- **ASSIGNMENT**:
When you come to a picture, pass over it, and set down the entries below exactly.

- **THE RECORDS**:
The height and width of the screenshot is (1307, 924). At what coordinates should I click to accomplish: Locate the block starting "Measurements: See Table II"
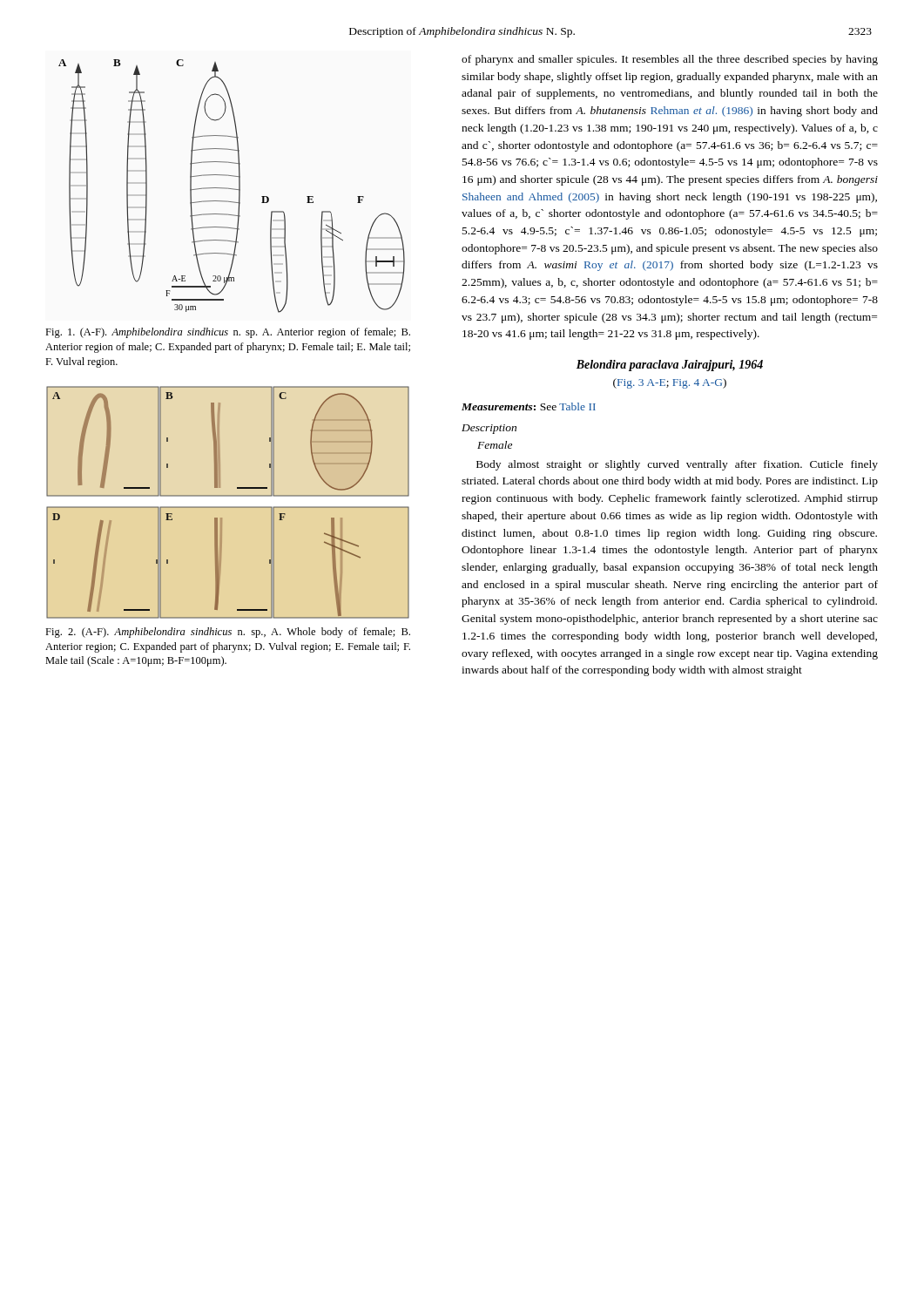pyautogui.click(x=529, y=406)
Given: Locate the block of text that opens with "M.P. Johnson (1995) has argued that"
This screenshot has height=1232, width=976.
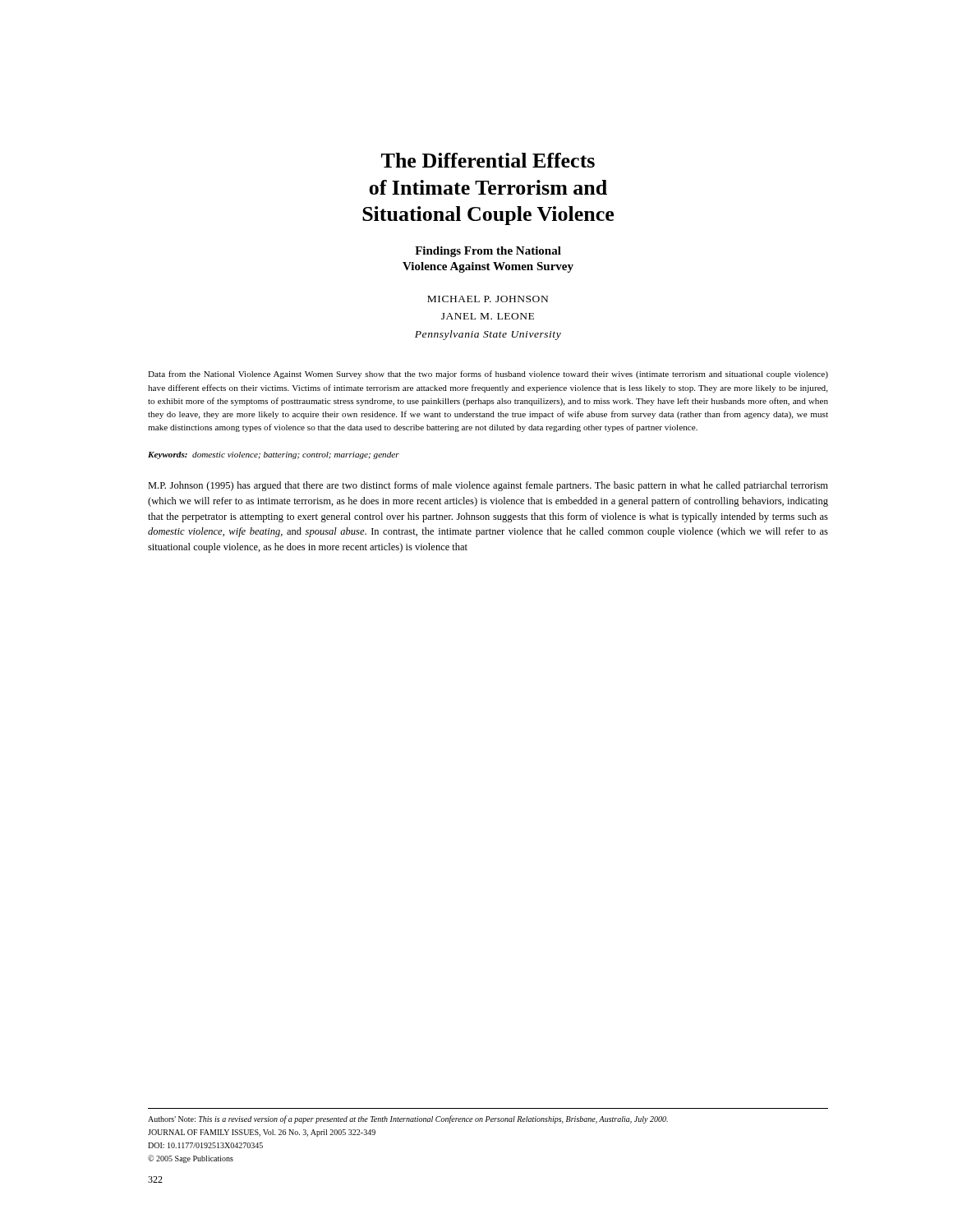Looking at the screenshot, I should pyautogui.click(x=488, y=517).
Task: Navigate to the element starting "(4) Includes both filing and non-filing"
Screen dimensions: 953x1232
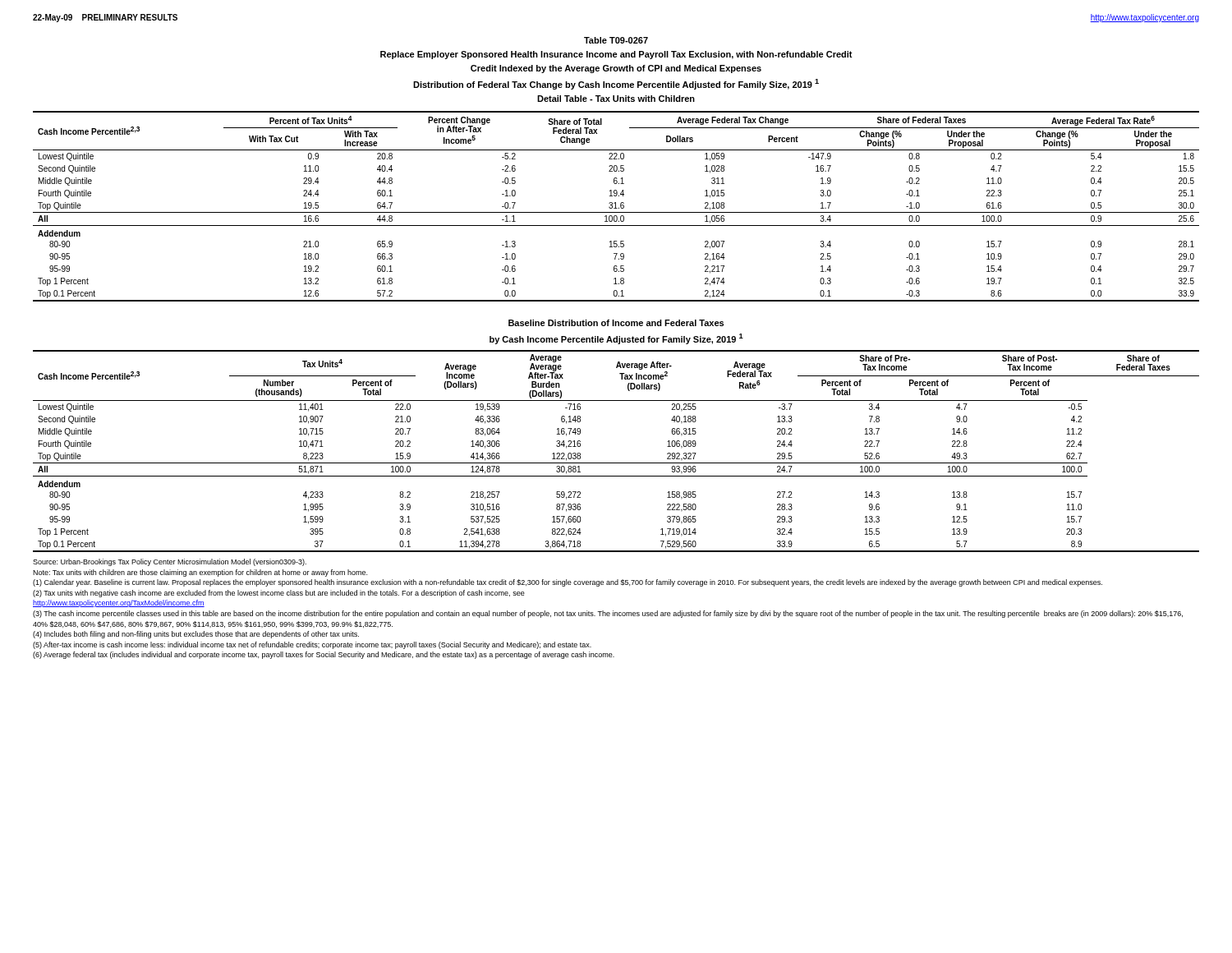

- **COMPLETED EXERCISE**:
The height and width of the screenshot is (1307, 924). At what coordinates should I click to accomplish: Locate the block starting "Measurements: See Table II"
pyautogui.click(x=529, y=406)
Given: Locate the block of text that opens with "M.P. Johnson (1995) has argued that"
This screenshot has height=1232, width=976.
Looking at the screenshot, I should pyautogui.click(x=488, y=517).
Task: Navigate to the element starting "(4) Includes both filing and non-filing"
Screen dimensions: 953x1232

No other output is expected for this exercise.